If it was summer time and hot outside, then I bet your engine temp would raise while stop. But when you start driving again it would come back down. 

If it was a thermostat problem, then you would barely have any heat or no heat at all. 
Because when the thermostat fails it fails open allowing the coolant to flow freely. There for it does not get warm.


----------



## Nodakhtr (Jan 15, 2013)

I would take the thermostate out and see if that makes a difference first, that would cost you nothing.

Sometimes those thermostates will only open partially when really hot. Watch you temp gauge, if that themostate is not opening and you have 180 degrees the hot water is not getting to the core.


----------



## Joel/AK (Jan 12, 2013)

With the engine up to temp, touch the heater hoses. Are they both hot, 1 hot, or both cold. Start eliminating things. If only one is hot, its your heater core, if none are hot than its not moving coolant. 

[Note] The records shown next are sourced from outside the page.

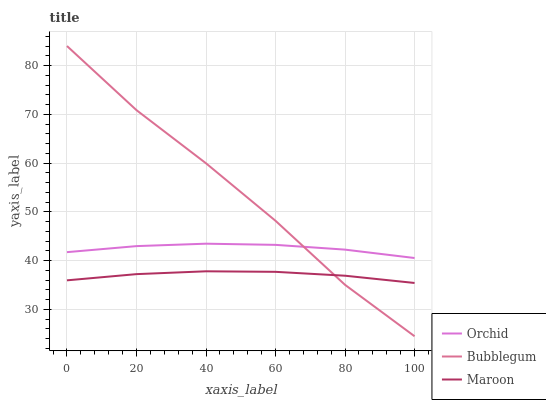Does Maroon have the minimum area under the curve?
Answer yes or no. Yes. Does Bubblegum have the maximum area under the curve?
Answer yes or no. Yes. Does Orchid have the minimum area under the curve?
Answer yes or no. No. Does Orchid have the maximum area under the curve?
Answer yes or no. No. Is Maroon the smoothest?
Answer yes or no. Yes. Is Bubblegum the roughest?
Answer yes or no. Yes. Is Orchid the smoothest?
Answer yes or no. No. Is Orchid the roughest?
Answer yes or no. No. Does Orchid have the lowest value?
Answer yes or no. No. Does Bubblegum have the highest value?
Answer yes or no. Yes. Does Orchid have the highest value?
Answer yes or no. No. Is Maroon less than Orchid?
Answer yes or no. Yes. Is Orchid greater than Maroon?
Answer yes or no. Yes. Does Orchid intersect Bubblegum?
Answer yes or no. Yes. Is Orchid less than Bubblegum?
Answer yes or no. No. Is Orchid greater than Bubblegum?
Answer yes or no. No. Does Maroon intersect Orchid?
Answer yes or no. No. 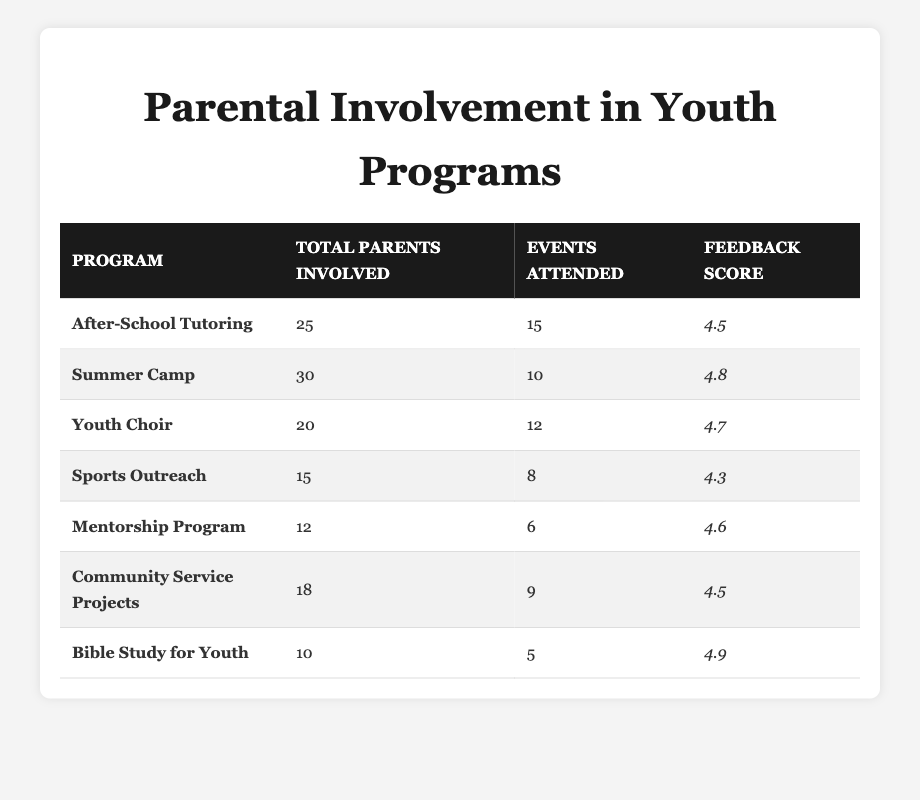What is the total number of parents involved in the Summer Camp program? The table shows that the Summer Camp program has a total of 30 parents involved.
Answer: 30 Which program had the highest feedback score? By comparing the feedback scores listed in the table, the Bible Study for Youth program has the highest score of 4.9.
Answer: Bible Study for Youth How many events did the Youth Choir parents attend in total? According to the table, the Youth Choir program had 12 events attended by parents.
Answer: 12 What is the overall average feedback score of all programs? The feedback scores are 4.5, 4.8, 4.7, 4.3, 4.6, 4.5, and 4.9. Adding these scores gives 30.3, and dividing by 7 (the number of programs) results in an average of approximately 4.34.
Answer: 4.34 Did more than 20 parents participate in the Sports Outreach program? The table indicates that 15 parents were involved in the Sports Outreach program, which is fewer than 20.
Answer: No What is the difference between the total number of parents involved in After-School Tutoring and Mentorship Program? The After-School Tutoring program has 25 parents involved, while the Mentorship Program has 12. The difference is 25 - 12 = 13.
Answer: 13 Which program had the least number of events attended and what was the count? The Mentorship Program had the least number of events attended at 6.
Answer: 6 If we consider the Bible Study for Youth program, what percentage of the total parents involved across all programs does this represent? The total parents involved across all programs is 25 + 30 + 20 + 15 + 12 + 18 + 10 = 130. The Bible Study for Youth has 10 parents involved, so the percentage is (10/130) * 100 = 7.69%.
Answer: 7.69% Which program had a feedback score lower than 4.5? By reviewing the feedback scores in the table, the Sports Outreach program had a score of 4.3, which is lower than 4.5.
Answer: Sports Outreach How many more parents participated in the Summer Camp than in the Youth Choir? The Summer Camp had 30 parents involved, and the Youth Choir had 20. The difference is 30 - 20 = 10.
Answer: 10

Posted using Outdoor Hub Campfire


----------



## averageguy (Jan 1, 2008)

Joel/AK said:


> With the engine up to temp, touch the heater hoses. Are they both hot, 1 hot, or both cold. Start eliminating things. If only one is hot, its your heater core, if none are hot than its not moving coolant.
> 
> 
> Posted using Outdoor Hub Campfire


 Try above.. Also, some cooling systems have areas that are higher than the cap or fill jug. If air gets trapped it will not purge itself and has to be pulled out using a vaccum tool made for this purpose. This usually happens when the system has been emptied for some type of service, like changing a water pump, thermostat or heater core. My bet is a plugged heater core. My buddies brother changed his water pump, thermostat, radiator and purged the air out and same thing, no heat sitting still or moving slow. Pulled the heater core out and blew out what looked like mud with the air hose. Put in a new one and he had heat.


----------